Здесь вмешивается Клара Серра: «Ричард выбирает феноменологию, потому что он хочет сохранить опыт открытым. И именно в этом пункте работа является демократичной, но по-другому. Он делает работу доступной буквально для всех и каждого. Она не привязана к полу, классу или расе. Иначе бы невозможно было сказать, как он часто утверждал, то, что зритель привносит в работу, — это то, что зритель привносит в работу?»
Этот эгалитарный императив был крайне важен для Сера. И именно такова причина, по которой многие люди серьезно реагируют на его работу, и почему многие были так глубоко тронуты его смертью.
К концу нашей работы над книгой Серра заболел. Тем не менее, он был на высоте каждый раз, как мы разговаривали, и, безусловно, его искусство стало только глубже в этот трудный период.

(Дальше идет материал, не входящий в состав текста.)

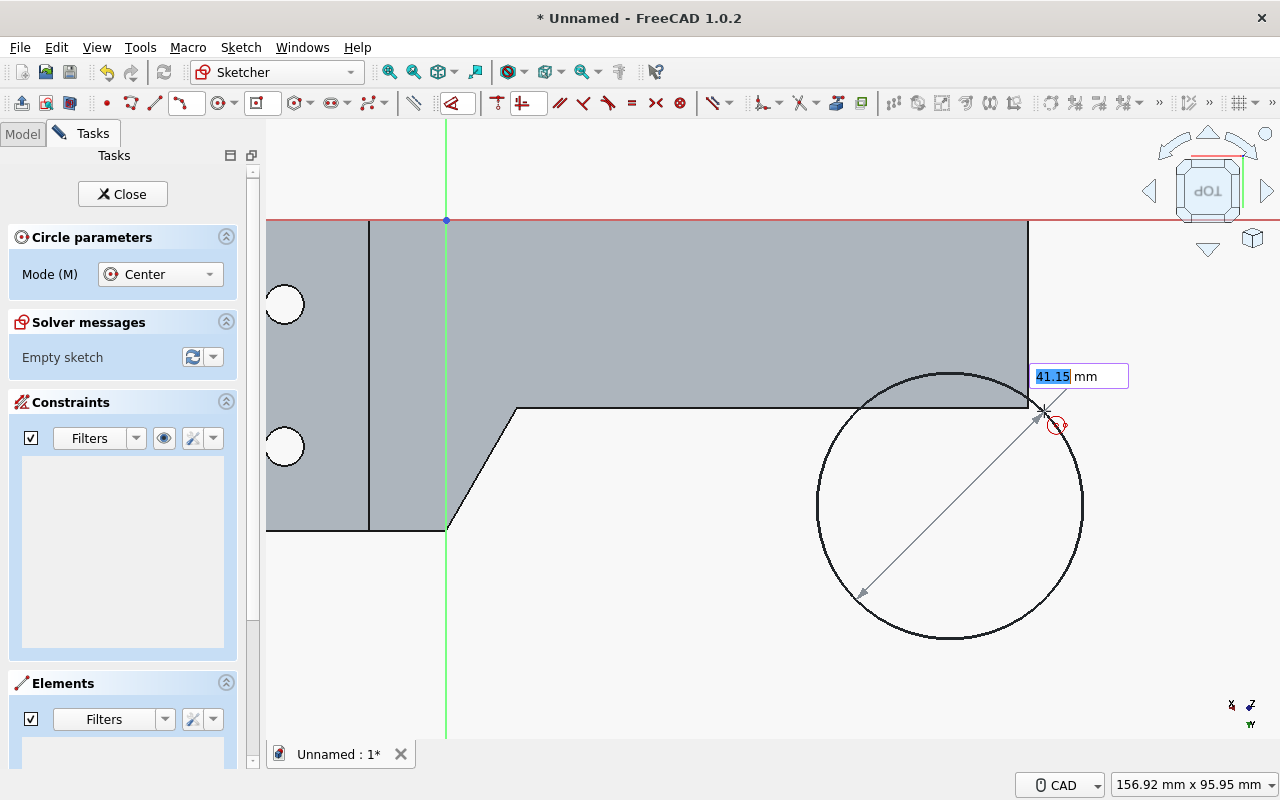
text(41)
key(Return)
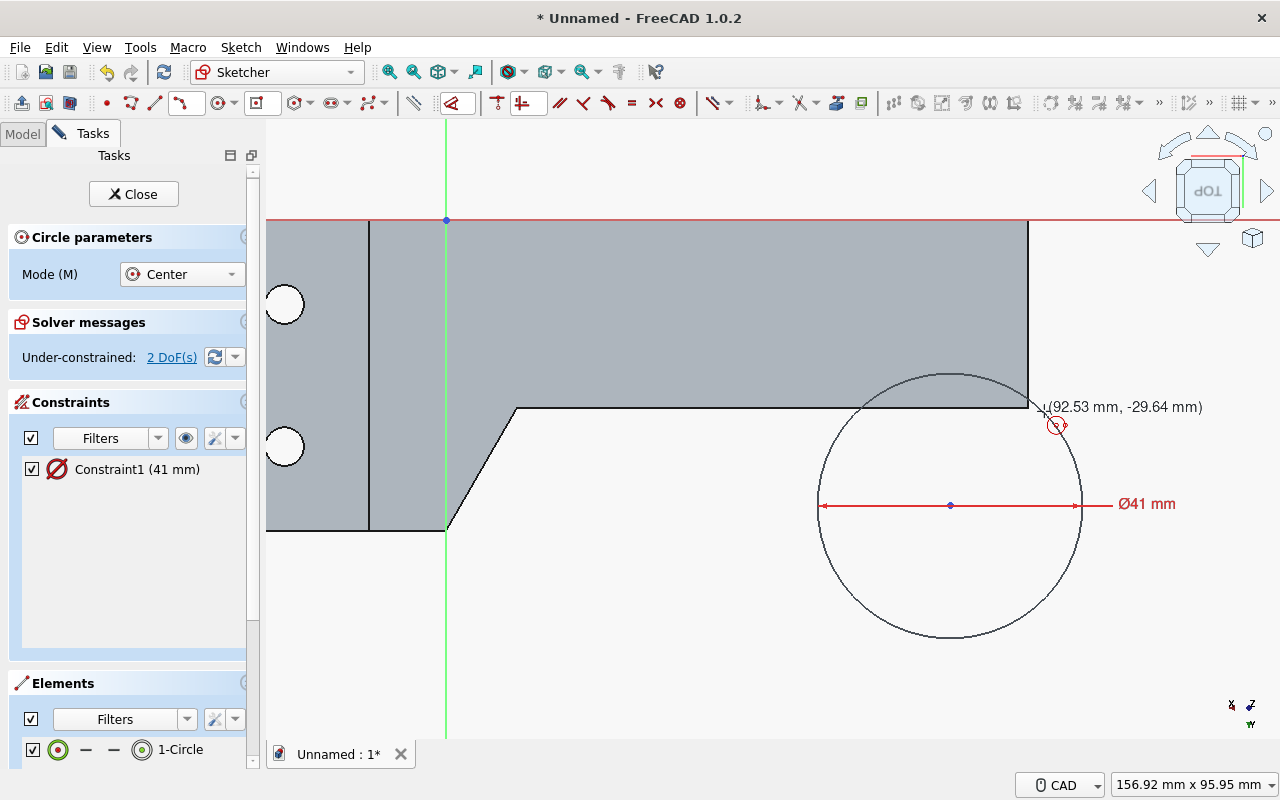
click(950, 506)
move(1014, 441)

«Как вы думаете, в своих последних работах вы приобрели свой «зрелый стиль»?»
«Да».
«Что этот термин означает для вас?»
«Больше точности, больше веса, больше плотности, больше напряжения, больше интроспекции».
«Больше строгости?»
«Возможно. Больше эмоций».
Клара спрашивает: «Более символическая форма?»
«Да».
«Классический пример позднего стиля», — добавляю я (педантично), — «это поздние квартеты Бетховена: в его музыке появляется строгость, ранее ей не свойственная, все условности отбрасываются вплоть до точки диссонанса. Но есть и другие примеры, как в «возвращении к азам» у позднего Матисса, как в его вырезках, которые возвращают нам восторг его ранних работ в стиле фовизма. Есть ли возврат к азам в вашем зрелом стиле? И если да, то вы хотите передать больше строгости или больше восторга?»
«Я чувствую и то, и другое. Я вернулся к ковке, и вес снова прочно вошел в предложение со всеми его символическими коннотациями. Кованые работы регистрируются на другом психологическом уровне. Осознаю ли я, что это поздняя работа? Да».

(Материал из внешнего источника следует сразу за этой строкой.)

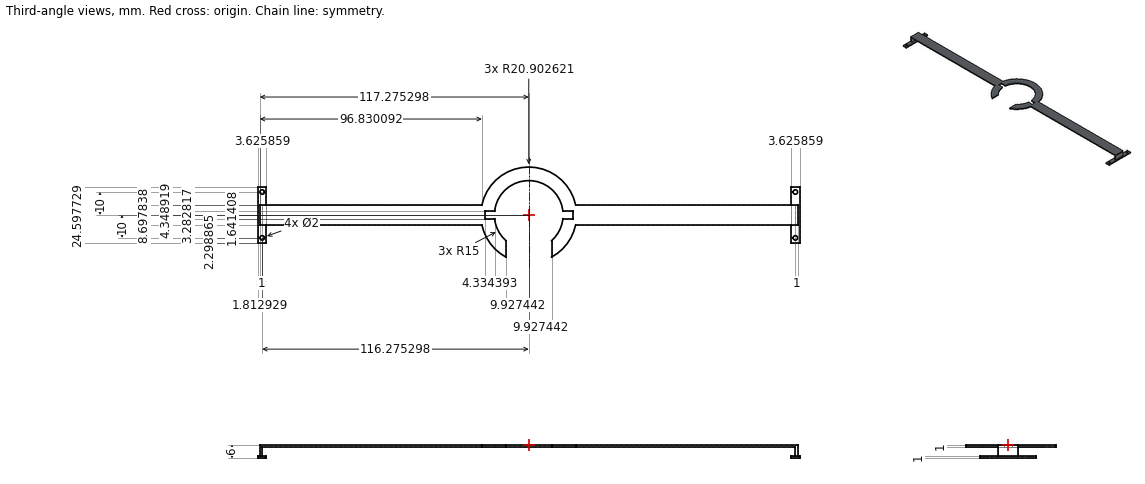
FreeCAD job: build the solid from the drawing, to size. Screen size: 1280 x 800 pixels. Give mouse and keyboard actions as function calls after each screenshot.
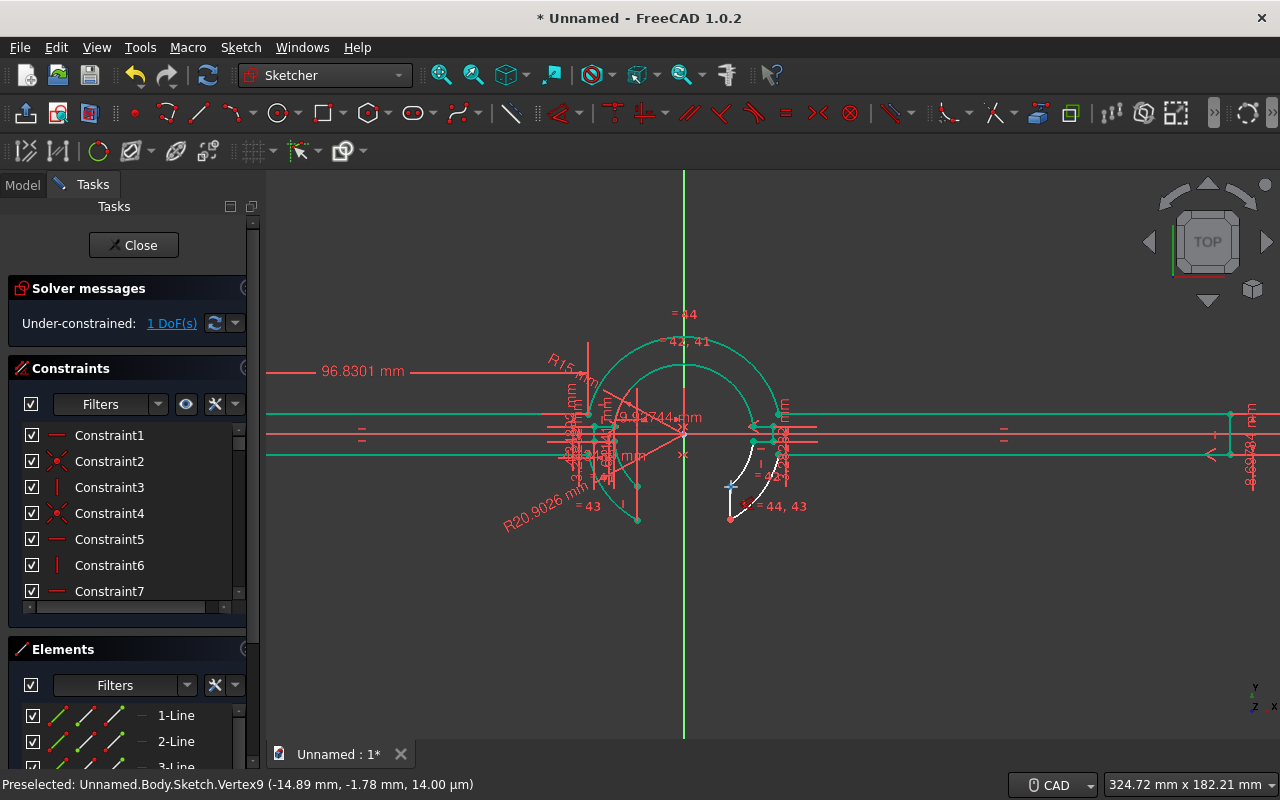
click(730, 486)
click(707, 520)

«Какова связь между присутствием веса в ваших новых работах и ощущением приближения смерти?»
«Я думаю, это одно и то же».
«В какой степени интерес к азам...»
«Размышление о собственной смерти? В значительной степени».
Серра знал цену своего творчества, и он ценил подобное, когда видел ее и в чужих работах. Он мог критиковать художников, конечно, но он мог и проявлять доброту. В то же время он всегда был самокритичным; самокритика была движущей силой его искусства. «Работа рождается из труда», - такова одна из его мантр. Хотя «скромность» — отнюдь не первое слово, которое приходит на ум в отношении Серра, он оставался весьма сдержан в отношении своего собственного влияния.
«Как мое творчество было принято, если вообще было? Вероятно, из-за неправильного толкования. Увидели ли его некоторые люди так, как я даже себе не представлял? Да. Считаю ли я, что мое творчество остается достаточно открытым, чтобы люди могли с ним взаимодействовать по-разному? Надеюсь на это. Надеюсь, что скульпторы и архитекторы поймут мое творчество; возможно, что представители исполнительских искусств, танцоры и другие найдут ее полезной. Дюшан сказал, что вам повезет, если у вас будет тридцать или сорок лет. Уорхол сказал, что у нас будет всего пятнадцать минут. Кто знает? Дело в том, что нельзя узнать заранее. В конце концов, я все еще верю, что материя навязывает свою форму форме произведения; именно поэтому для меня всегда важно иметь дело только с теми материалами, которые мне понятны».
Но я думаю, что мы знаем. Люди будут изучать его творчество очень долго, может быть, до тех пор, пока им вообще будет интересно искусство.